I'll second this. Phase was huge in my first few horn installs. If I wanted any stage height or depth at all, my drivers mid had to be out of phase. The problem is that since they were running 100-800/1khz, this killed my width and cut my lower output in half due to cancellation with the passenger mid. 

When I went to a 3 way, I was able to keep the midbass in phase with one another and because they were LPF'd at 250hz, I could manage the midrange independently (of the midbass and of each other) and had much better staging, and output. 

As far as cost goes, if you're running horns you need a solid EQ anyway, and most of the processors with that much EQ can do 4 way active, so you're really just talking about an extra 2 channels of amplification and the actual drivers.

To the OP: I don't have much experience with the PRV. If you're wanting a 6" midrange, you could try the Audax that Winslow mentioned. If you want to stick with B&C, I always wanted to try these out:

B&C 6 PEV13 is a 6.5" midrange speaker - B&C Speakers - B&C 6.5" midrange speaker for 3 or 4-way sytems. B&C 6 PEV13 midrange speakers available now.
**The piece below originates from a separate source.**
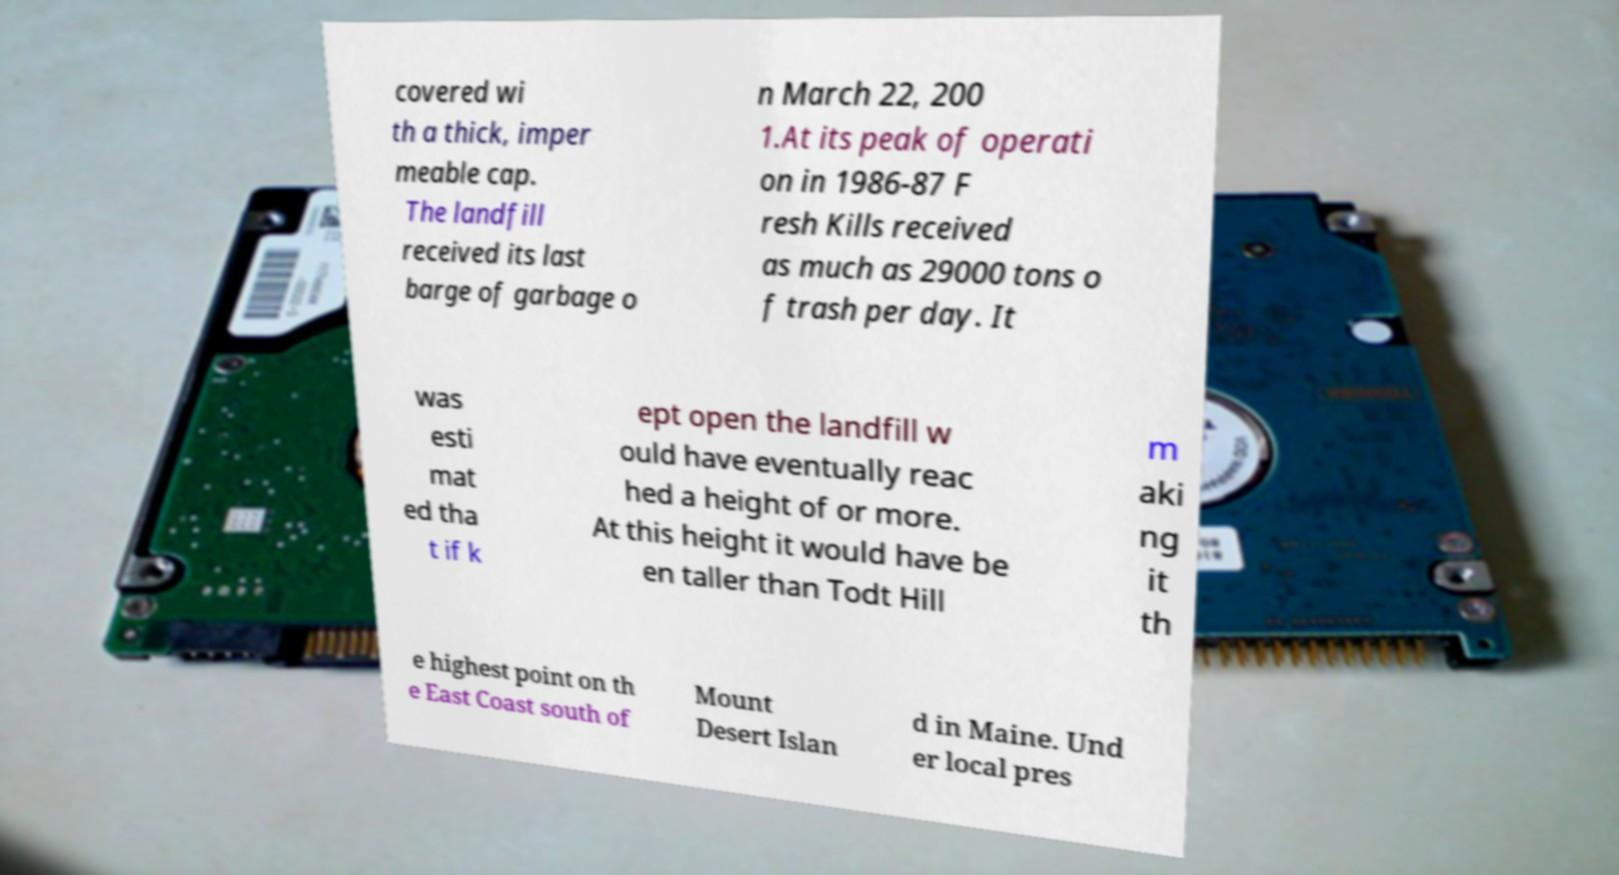Could you extract and type out the text from this image? covered wi th a thick, imper meable cap. The landfill received its last barge of garbage o n March 22, 200 1.At its peak of operati on in 1986-87 F resh Kills received as much as 29000 tons o f trash per day. It was esti mat ed tha t if k ept open the landfill w ould have eventually reac hed a height of or more. At this height it would have be en taller than Todt Hill m aki ng it th e highest point on th e East Coast south of Mount Desert Islan d in Maine. Und er local pres

They look very similar to the Audax (both in specs and appearance) and seem reasonably priced.


----------



## thehatedguy (May 4, 2007)

Yeah I've heard the B&C was pretty similar to the Audax...I keep forgetting about those guys.


----------



## edouble101 (Dec 9, 2010)

The ability to adjust phase with a three way will definitely be a benefit. I did not think of that.

The PRV mid looked good on paper. I might have to buy a set and compare them to the Audax mid.


----------